This occurred until establishment of the first course, officially created in
Brazil by a decree of the Imperial Government, signed by D. Pedro II, on October 25,
1884.
Thus, at the end of the 19th century, there were three Dentistry
Courses in Brazil: at the Federal University of Rio de Janeiro, Federal University
of Bahia and Federal University of Rio Grande do Sul,
which were constituted almost exclusively by men. Dental practice by women
was rare until the end of the Empire. As in other countries, women working in this
field were basically limited to daughters, wives or widows of dentists (lay women
who had achieved the profession from another practitioner).
Few women in this period entered regular courses.The teaching of Dentistry in São Paulo began in 1902, with female students from the
start. From 1903 to 1926, 221 women (19.23% of the total graduates) and 928 men
graduated from the current School of Dentistry at the University of São Paulo.

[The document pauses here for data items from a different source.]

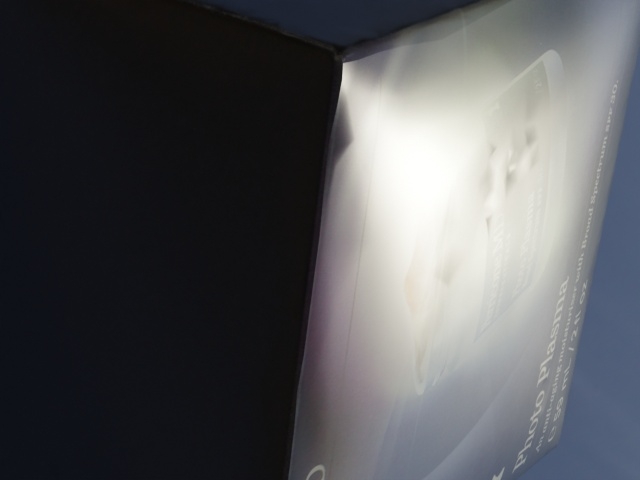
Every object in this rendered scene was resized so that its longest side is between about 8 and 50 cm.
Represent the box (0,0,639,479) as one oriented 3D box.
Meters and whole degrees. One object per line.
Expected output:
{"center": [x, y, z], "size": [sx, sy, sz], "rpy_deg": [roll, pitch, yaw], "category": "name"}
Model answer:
{"center": [0.000, 0.000, 0.827], "size": [0.182, 0.296, 0.294], "rpy_deg": [21, -152, 28], "category": "box"}

The care of ladies and children patients was an option for many female
dentists. Some had their own offices and others shared spaces with family and
colleagues.
At that time, a movement to regulate the profession was initiated in São
Paulo. Thus, to continue their activities, non-graduated dental practitioners should
undergo a qualification exam to a commission of graduates. In this process, in the
state of São Paulo, 172 men and nine women who were licensed dentists enrolled in
the Health Service between 1900 and 1925.Dentistry courses in Brazil have had an exponential growth since their
establishment
. Women were in a minority until the 1980s, when dental schools began to
train more women than men, with increasing feminization of the profession.

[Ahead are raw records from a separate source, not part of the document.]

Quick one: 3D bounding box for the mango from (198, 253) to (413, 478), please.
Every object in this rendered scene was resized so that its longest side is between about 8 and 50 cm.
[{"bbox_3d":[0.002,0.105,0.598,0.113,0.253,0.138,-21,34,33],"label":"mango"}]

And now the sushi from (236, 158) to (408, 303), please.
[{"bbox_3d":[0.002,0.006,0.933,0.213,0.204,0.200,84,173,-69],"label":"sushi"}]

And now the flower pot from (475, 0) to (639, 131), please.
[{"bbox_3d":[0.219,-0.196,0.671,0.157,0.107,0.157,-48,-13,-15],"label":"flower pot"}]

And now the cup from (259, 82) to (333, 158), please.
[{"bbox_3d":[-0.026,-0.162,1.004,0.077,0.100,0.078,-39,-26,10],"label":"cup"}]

The increase in the number of women in undergraduate and graduate courses,
either as students, professors or researchers, as well as their access as scholars
of research programs, have undoubtedly contributed to the inclusion of woman in all
areas of Science and Technology agencies.Until the middle of the 20th century, there were 24 Dentistry courses in
Brazil, half of them concentrated in the Southeast region.

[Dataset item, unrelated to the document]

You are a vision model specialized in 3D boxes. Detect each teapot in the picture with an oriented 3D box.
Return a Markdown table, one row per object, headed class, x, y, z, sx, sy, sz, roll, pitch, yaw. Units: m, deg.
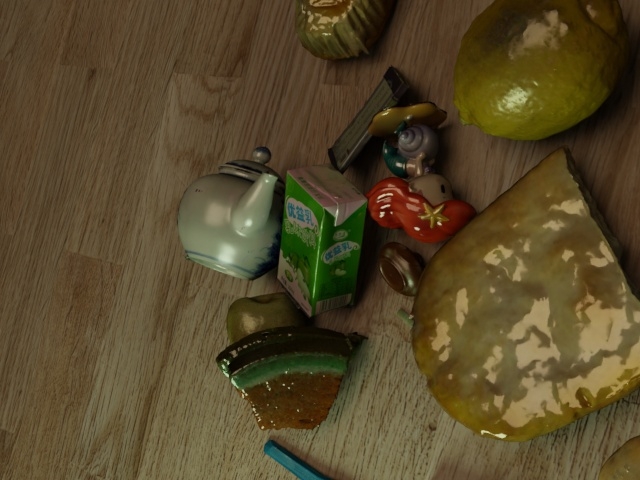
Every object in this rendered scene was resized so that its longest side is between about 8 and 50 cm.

There was a more intense expansion in the number of Dentistry courses since
1961, with the regulation of the Law of Brazilian Education Guidelines and Bases,
which increased educational opportunities, creating financial and legal support for
the private sector in the field of education, whilst promoting a great expansion of
private education network in the country.
The so-called “Renewal of the Brazilian University” movement (1968) expanded
the number of Dentistry courses, opening higher education to private institutions
for profit, which led to a change in the standards of higher education. The
Teaching-Research-Extension triad was weakened in some institutions, prioritizing
only Teaching, opening the Education market to institutions with a business profile.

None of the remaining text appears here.